In a poll taken by Time Magazine and Cable News Network (CNN) over the following weekend, some 75% of respondents said that they regarded global warming as a serious problem. Two-thirds said Bush should develop a plan to deal with it.

Ironically, the United States took its first step to deal with global warming under Bush’s father, who signed the UN’s framework convention on climate change at the 1992 Earth Summit in Rio de Janeiro. That accord, which called on industrialised countries to reduce their emission of greenhouse gases by 10% below 1990 levels, paved the way for the Kyoto agreement five years later.

The Kyoto Protocol, largely at Washington’s behest, was somewhat less strict in its targets. It requires the 38 signatory states to reduce their emissions by an average of about 5.5% below 1990 levels by 2008-2012. Under its specific provisions, Washington would be required to reduce its emissions by about 7%, although an emissions trading scheme favoured by Washington would have made the adjustment far less difficult.

Greenhouse gases - including carbon dioxide, which is emitted by the combustion of fossil fuels like wood, coal and oil - are believed by most scientists to be responsible for the accelerated warming of the Earth’s atmosphere over the last century. The United States emits about one-quarter of the world’s total greenhouse gas emissions.

In its latest report, the UN’s Intergovernmental Panel on Climate Change (IPCC) estimated that average temperatures on the Earth’s surface could rise by as much as 5.8 degrees Celsius by the year 2100, with potentially catastrophic consequences, if present emission trends are not reversed.

President Bill Clinton, who signed the Protocol, did not send it to the Senate for ratification because of strong opposition there, particularly from Republicans and senators from coal- and oil-producing states.

They argued that compliance with the accord could harm the US economy and that its failure to impose curbs on emissions by developing countries, particularly major industrialising nations like China, India, Mexico, and Brazil, was unfair.

These same objections were reiterated by Bush, who also noted in a recent letter to four anti-Kyoto senators that more research should be done to determine the relationships between greenhouse gases and warming.

In their remarks to reporters, the EU delegation Tuesday discounted all of these problems. While there were certainly “some costs” associated with reducing emissions to all industrialised economies, “there are also huge opportunities”, said Persson, who noted that Washington seemed to be discounting the costs associated with climate change itself.
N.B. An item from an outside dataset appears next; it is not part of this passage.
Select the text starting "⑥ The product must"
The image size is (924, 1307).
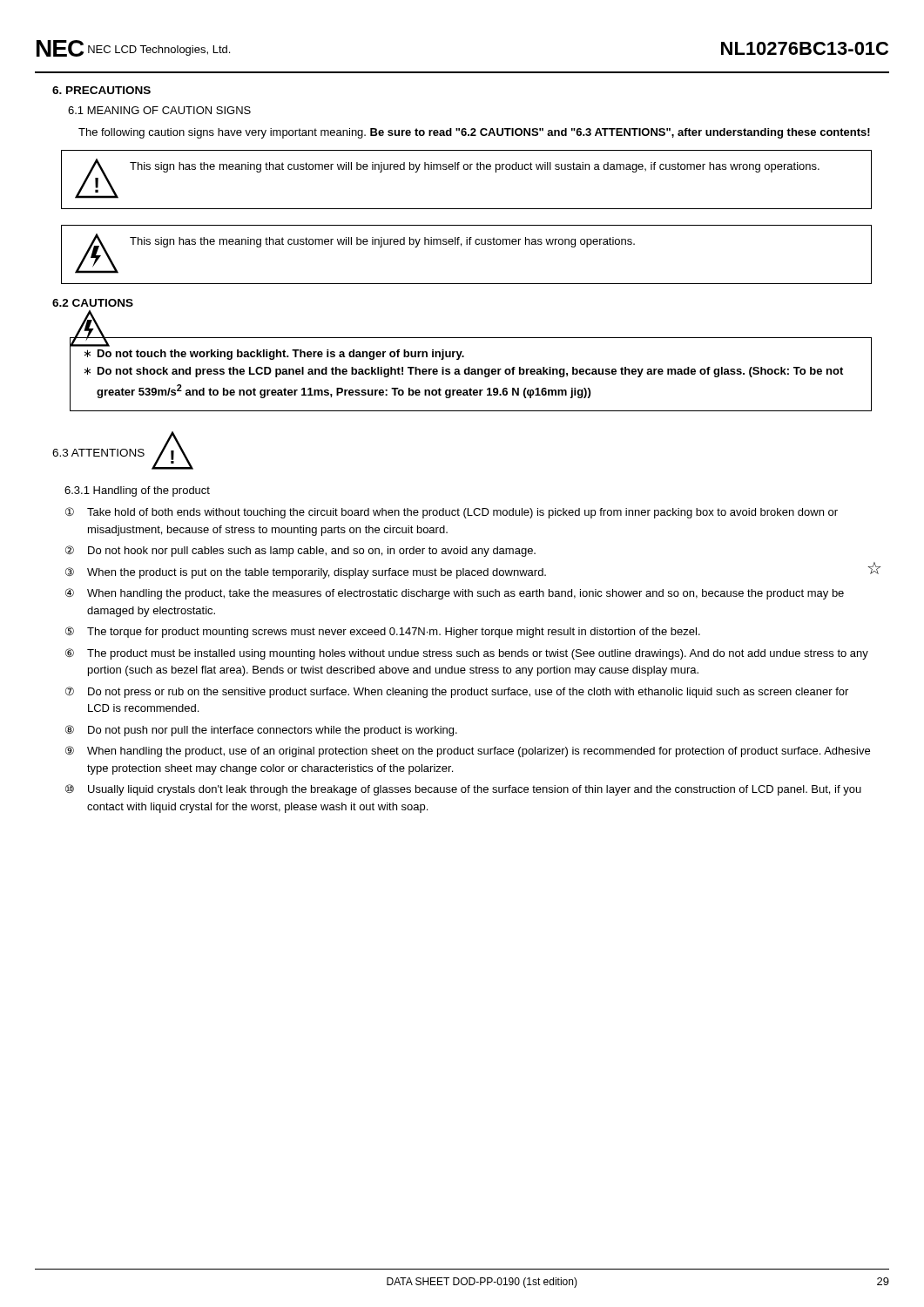[x=468, y=661]

Indeed, some large US multinational firms, which have already implemented plans to reduce their own emissions, have argued that failure to comply with the Protocol could hurt US competitiveness and innovation in environmental and energy-saving technology.

As for developing countries, Persson pointed out that developed countries today emitted some 85% of the greenhouse gases in the atmosphere. Industrialised countries, he said, need to establish their own commitment to reductions before expecting poor nations - where per capita emissions are a tiny fraction of those by the United States and the EU - to do the same.

“Frankly, I don’t think the United States has made it any easier (to get commitments from developing countries),” said Wallstroem. “By saying (the United States) cannot afford to (make reductions), what would be the reaction of the poorest countries?”

As for the scientific basis for associating emissions with global warming, the delegation said, none of its interlocutors disagreed with existing consensus.  “We heard no real arguments against that,” said Persson.

“So our conclusion was that we looked at it pretty much the same way. I think we can agree that we have global warming, that we will have increased global warming in the future, and this is enough scientific basis for acting,” he said.